- **REQUIRED ACTION**
Look in the material below for the line holding "Answer: High protein". Set it down exactly, with each later line up to and including the line holding "Answer: The document".

- **EXTRACTED MATERIAL**

= = = = = = =

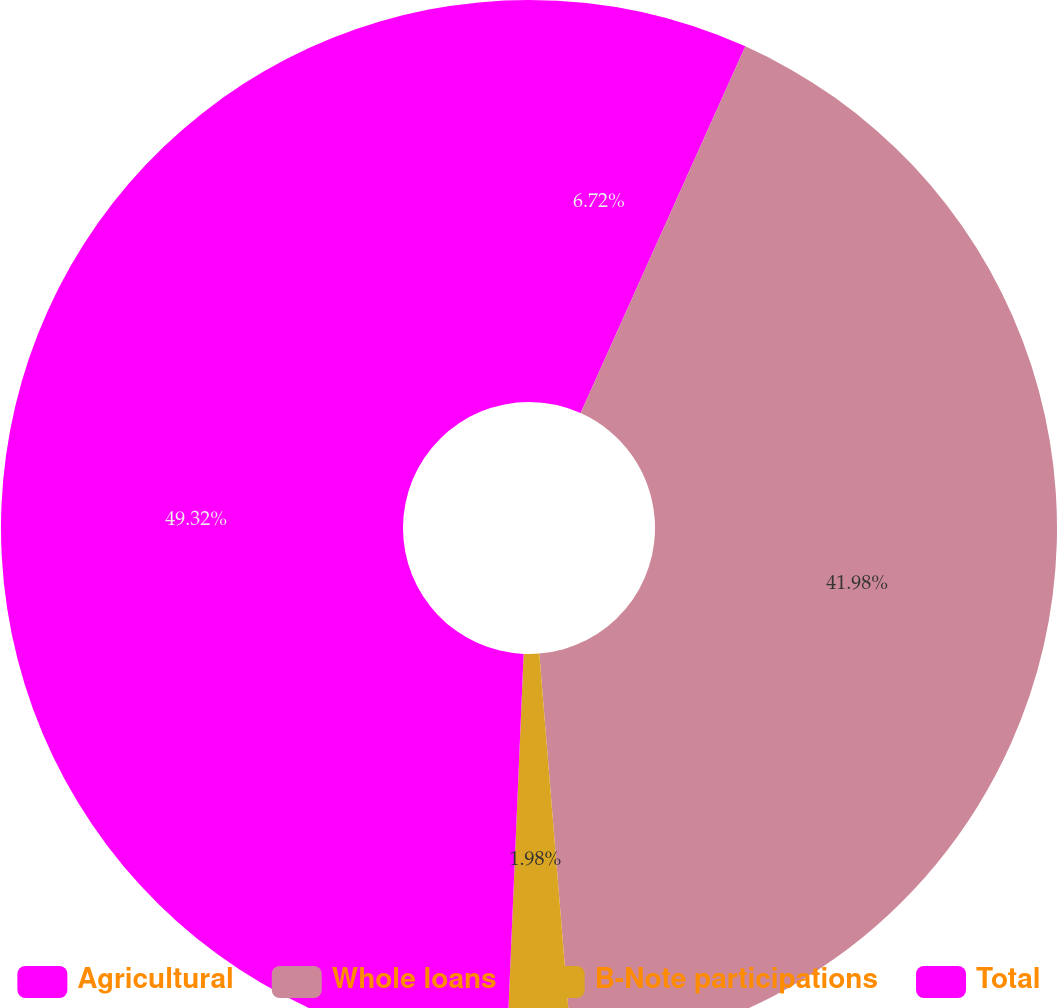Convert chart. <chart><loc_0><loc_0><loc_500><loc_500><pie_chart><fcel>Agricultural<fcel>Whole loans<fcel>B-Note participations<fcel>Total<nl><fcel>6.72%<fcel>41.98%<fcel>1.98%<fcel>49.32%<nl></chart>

= = = = = = =

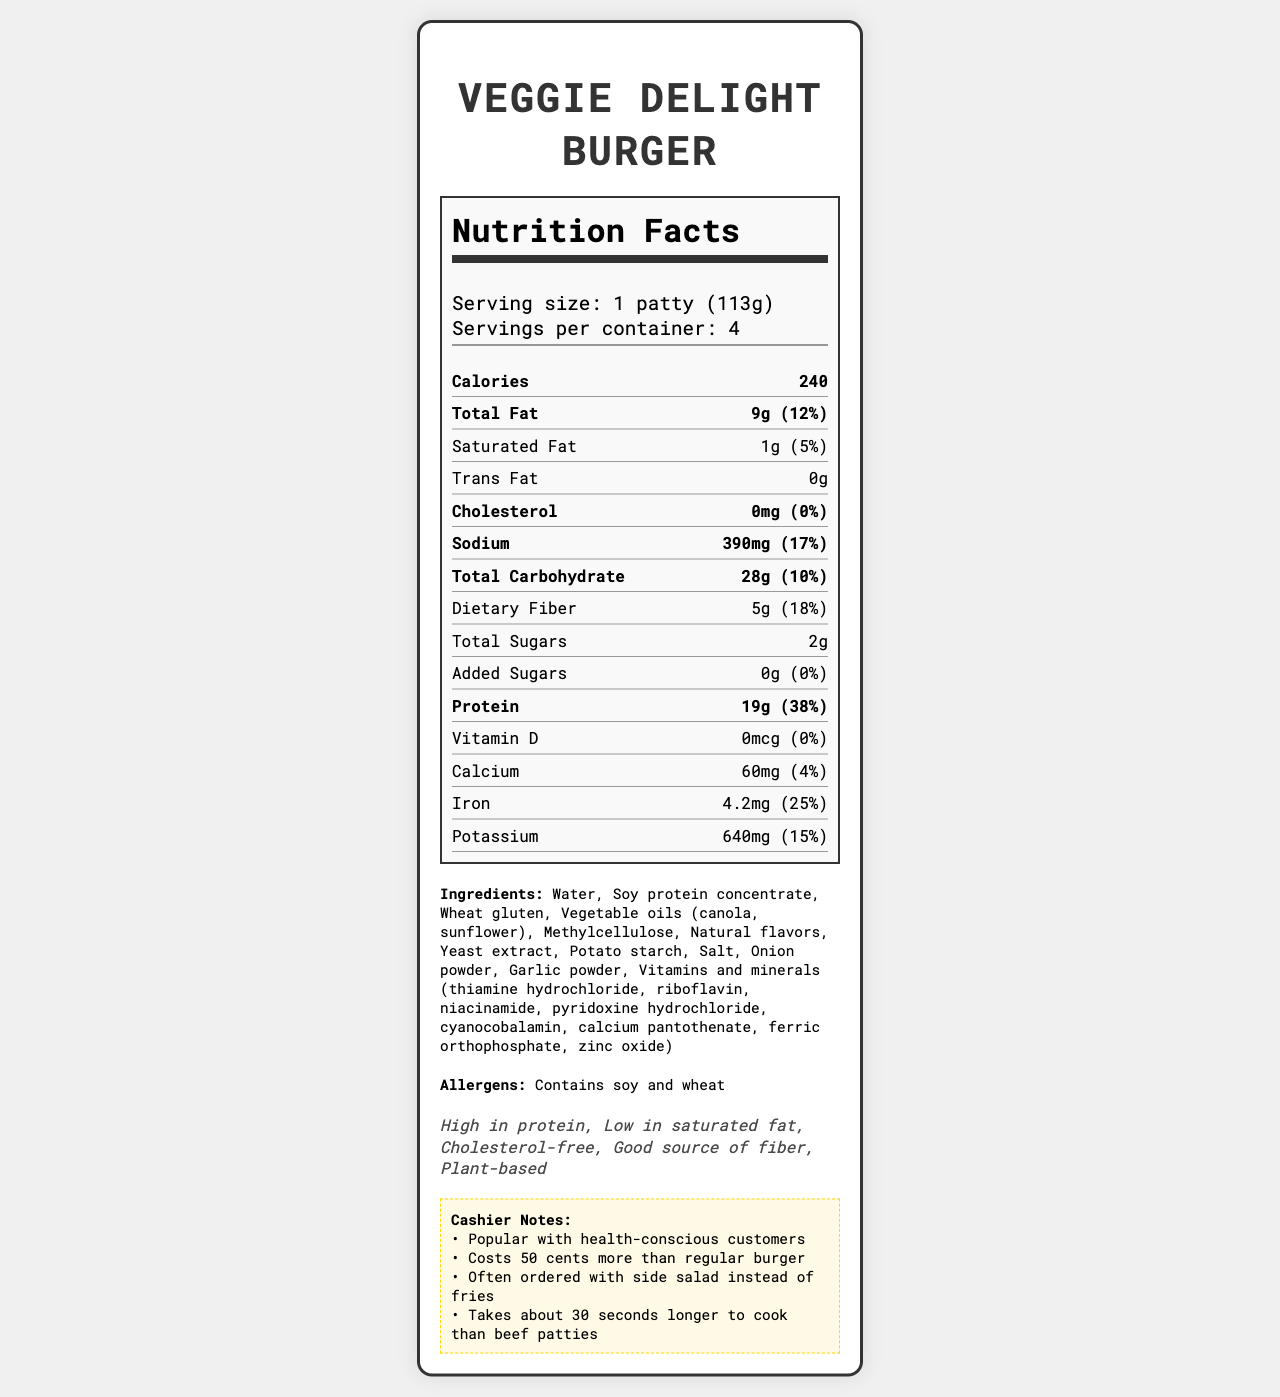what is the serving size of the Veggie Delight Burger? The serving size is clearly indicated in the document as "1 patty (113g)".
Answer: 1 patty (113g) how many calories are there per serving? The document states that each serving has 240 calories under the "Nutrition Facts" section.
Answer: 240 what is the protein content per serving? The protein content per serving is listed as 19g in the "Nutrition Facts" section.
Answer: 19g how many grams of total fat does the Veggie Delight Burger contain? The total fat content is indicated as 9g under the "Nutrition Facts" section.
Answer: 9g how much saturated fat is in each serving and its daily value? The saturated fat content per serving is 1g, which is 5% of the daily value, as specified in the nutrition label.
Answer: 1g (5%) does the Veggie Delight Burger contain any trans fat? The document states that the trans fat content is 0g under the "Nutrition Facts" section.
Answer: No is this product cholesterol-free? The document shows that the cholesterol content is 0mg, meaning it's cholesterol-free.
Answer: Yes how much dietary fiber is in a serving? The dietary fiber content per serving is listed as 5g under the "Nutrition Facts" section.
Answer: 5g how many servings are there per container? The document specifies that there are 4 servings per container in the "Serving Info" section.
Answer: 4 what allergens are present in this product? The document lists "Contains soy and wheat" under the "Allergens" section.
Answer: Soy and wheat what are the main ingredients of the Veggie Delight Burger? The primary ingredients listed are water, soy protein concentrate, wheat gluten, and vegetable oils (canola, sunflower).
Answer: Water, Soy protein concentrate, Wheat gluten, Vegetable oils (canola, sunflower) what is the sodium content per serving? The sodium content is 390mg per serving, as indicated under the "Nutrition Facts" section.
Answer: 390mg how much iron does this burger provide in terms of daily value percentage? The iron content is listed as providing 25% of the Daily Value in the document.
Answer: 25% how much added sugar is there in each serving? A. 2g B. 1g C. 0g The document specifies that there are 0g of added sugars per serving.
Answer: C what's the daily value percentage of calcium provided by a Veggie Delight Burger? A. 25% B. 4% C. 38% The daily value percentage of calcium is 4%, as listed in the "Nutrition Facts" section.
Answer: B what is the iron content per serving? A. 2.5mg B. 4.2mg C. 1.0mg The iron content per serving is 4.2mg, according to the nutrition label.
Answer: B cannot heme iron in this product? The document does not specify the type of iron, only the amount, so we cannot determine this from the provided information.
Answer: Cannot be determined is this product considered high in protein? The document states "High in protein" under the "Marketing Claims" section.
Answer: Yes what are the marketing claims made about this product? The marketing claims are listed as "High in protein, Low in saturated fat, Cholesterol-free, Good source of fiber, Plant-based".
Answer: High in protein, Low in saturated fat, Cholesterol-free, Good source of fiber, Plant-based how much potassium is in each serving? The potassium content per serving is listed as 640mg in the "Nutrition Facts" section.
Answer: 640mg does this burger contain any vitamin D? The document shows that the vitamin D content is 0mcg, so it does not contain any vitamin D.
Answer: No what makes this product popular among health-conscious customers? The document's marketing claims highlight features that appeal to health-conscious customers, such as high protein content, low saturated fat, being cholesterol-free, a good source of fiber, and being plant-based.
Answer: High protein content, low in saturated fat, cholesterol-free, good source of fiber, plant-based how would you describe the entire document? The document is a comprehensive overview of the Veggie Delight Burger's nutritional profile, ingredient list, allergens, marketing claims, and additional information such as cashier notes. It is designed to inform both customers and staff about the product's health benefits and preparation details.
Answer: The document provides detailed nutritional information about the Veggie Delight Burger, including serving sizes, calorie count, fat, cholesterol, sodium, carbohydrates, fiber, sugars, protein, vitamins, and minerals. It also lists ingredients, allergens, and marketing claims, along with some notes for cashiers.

= = = = = = =

- **ANSWER TO THE PROBLEM**
Answer: High protein content, low in saturated fat, cholesterol-free, good source of fiber, plant-based how would you describe the entire document? The document is a comprehensive overview of the Veggie Delight Burger's nutritional profile, ingredient list, allergens, marketing claims, and additional information such as cashier notes. It is designed to inform both customers and staff about the product's health benefits and preparation details.
Answer: The document provides detailed nutritional information about the Veggie Delight Burger, including serving sizes, calorie count, fat, cholesterol, sodium, carbohydrates, fiber, sugars, protein, vitamins, and minerals. It also lists ingredients, allergens, and marketing claims, along with some notes for cashiers.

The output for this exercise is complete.